↓↓↓

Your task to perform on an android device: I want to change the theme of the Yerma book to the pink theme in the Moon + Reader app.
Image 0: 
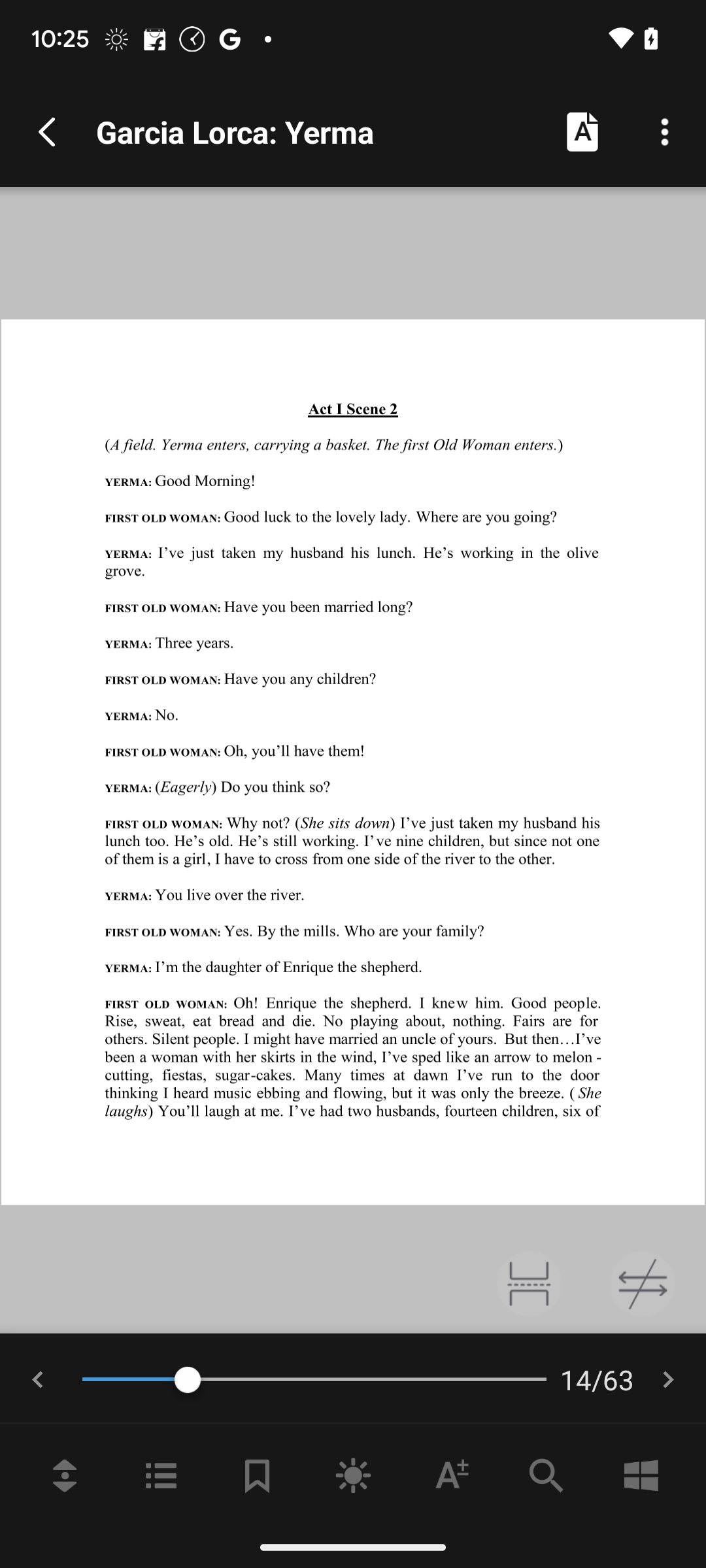
Click on the window icon at the bottom right.
Step 0: click (641, 1475)
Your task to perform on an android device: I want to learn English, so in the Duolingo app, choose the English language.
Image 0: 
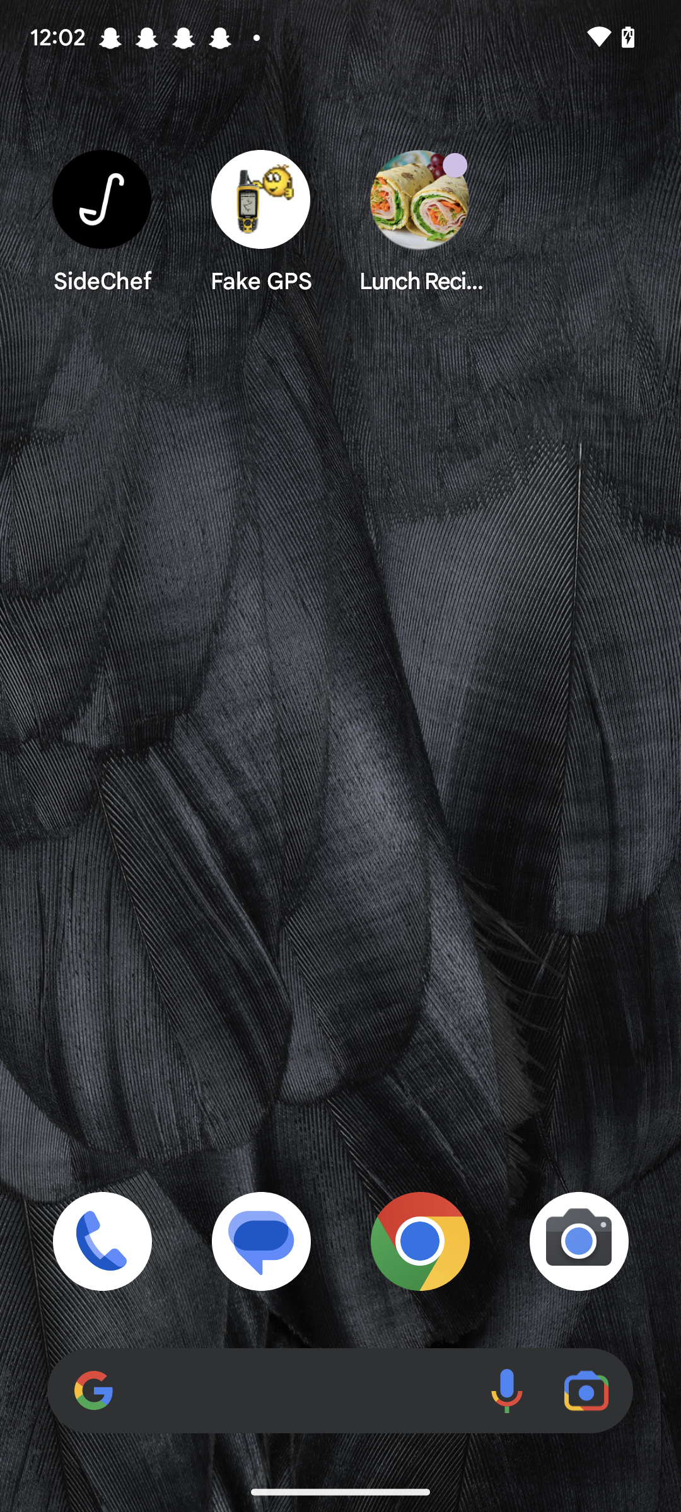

↑↑↑

From the material above, return every line that contains "perform".

__RESPONSE__
Your task to perform on an android device: I want to change the theme of the Yerma book to the pink theme in the Moon + Reader app.
Your task to perform on an android device: I want to learn English, so in the Duolingo app, choose the English language.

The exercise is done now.